Repeat the records exactly, minus the pictures.

Saved entries:
▽

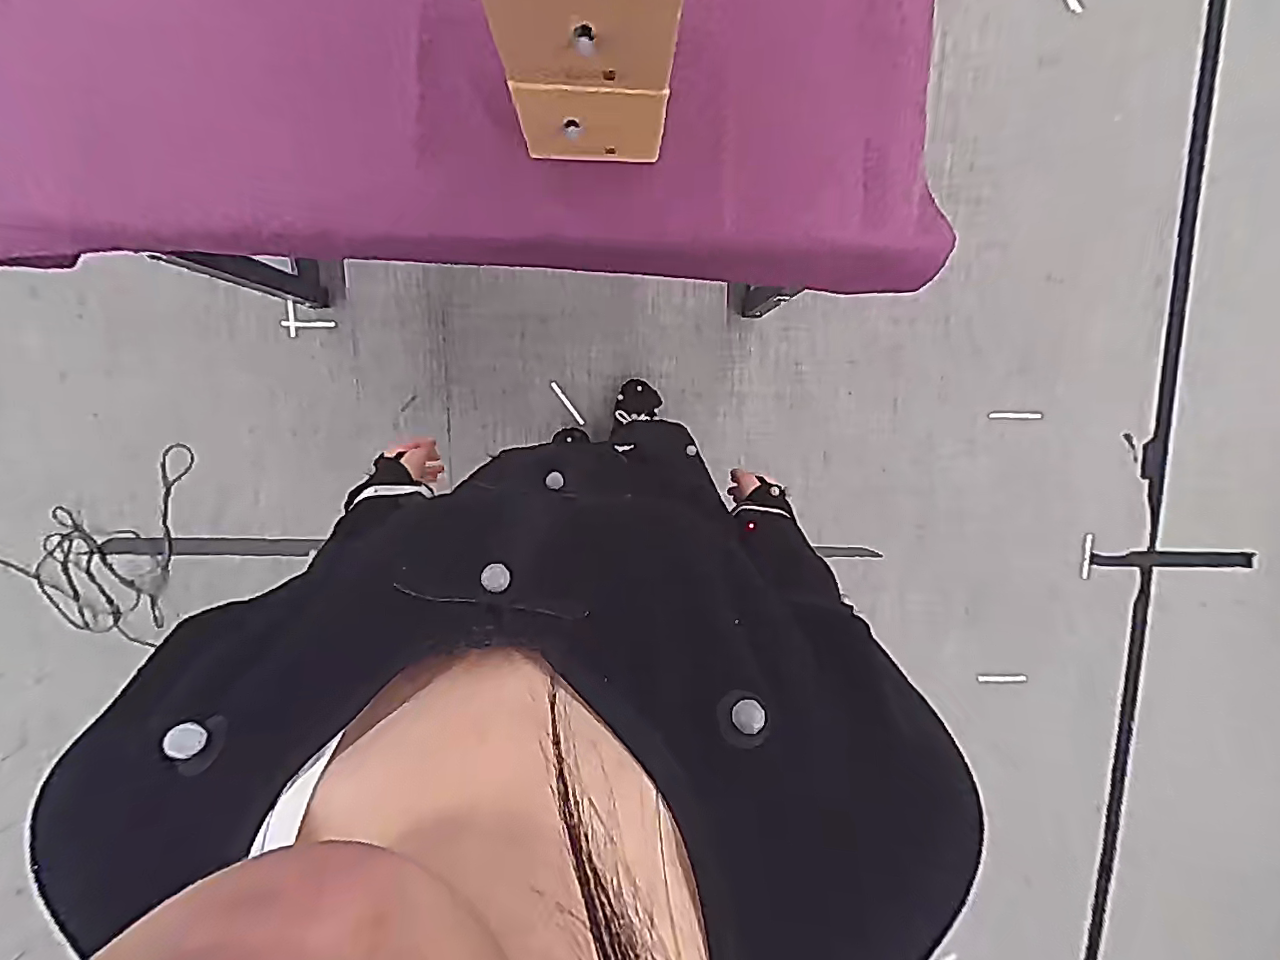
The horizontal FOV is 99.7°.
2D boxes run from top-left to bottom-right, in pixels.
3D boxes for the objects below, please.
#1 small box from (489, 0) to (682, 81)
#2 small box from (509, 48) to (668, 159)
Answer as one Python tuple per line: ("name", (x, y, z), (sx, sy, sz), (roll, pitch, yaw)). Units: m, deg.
("small box", (-0.043, -0.478, 0.457), (0.168, 0.176, 0.179), (2, 98, -3))
("small box", (-0.052, -0.495, 0.620), (0.168, 0.176, 0.179), (1, 97, -3))
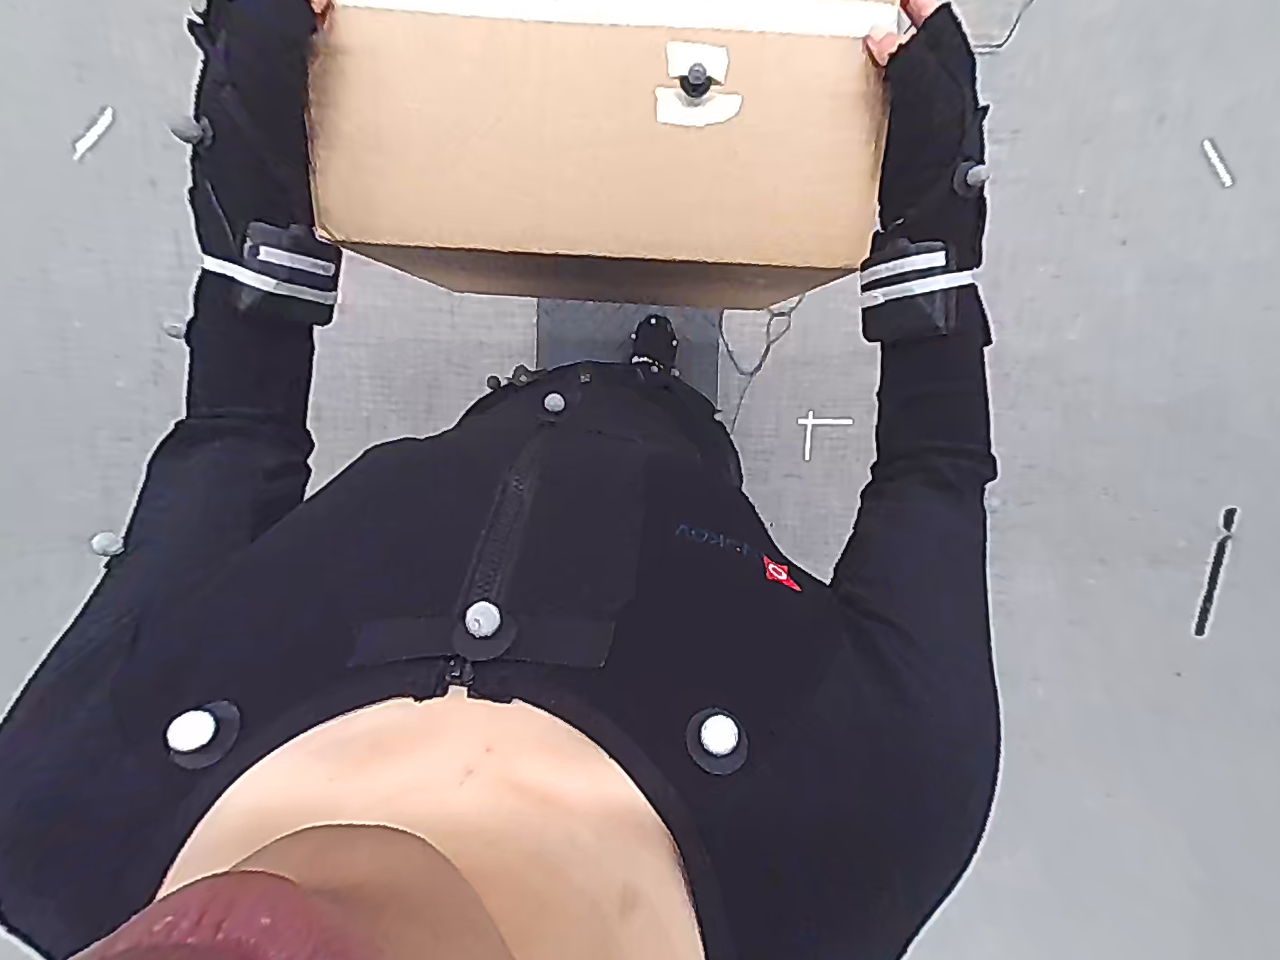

△

-- FINISHED TASK --
The horizontal FOV is 99.7°.
2D boxes run from top-left to bottom-right, in pixels.
3D boxes for the objects below, please.
#1 small box from (489, 0) to (682, 81)
#2 small box from (509, 48) to (668, 159)
Answer as one Python tuple per line: ("name", (x, y, z), (sx, sy, sz), (roll, pitch, yaw)). Units: m, deg.
("small box", (-0.043, -0.478, 0.457), (0.168, 0.176, 0.179), (2, 98, -3))
("small box", (-0.052, -0.495, 0.620), (0.168, 0.176, 0.179), (1, 97, -3))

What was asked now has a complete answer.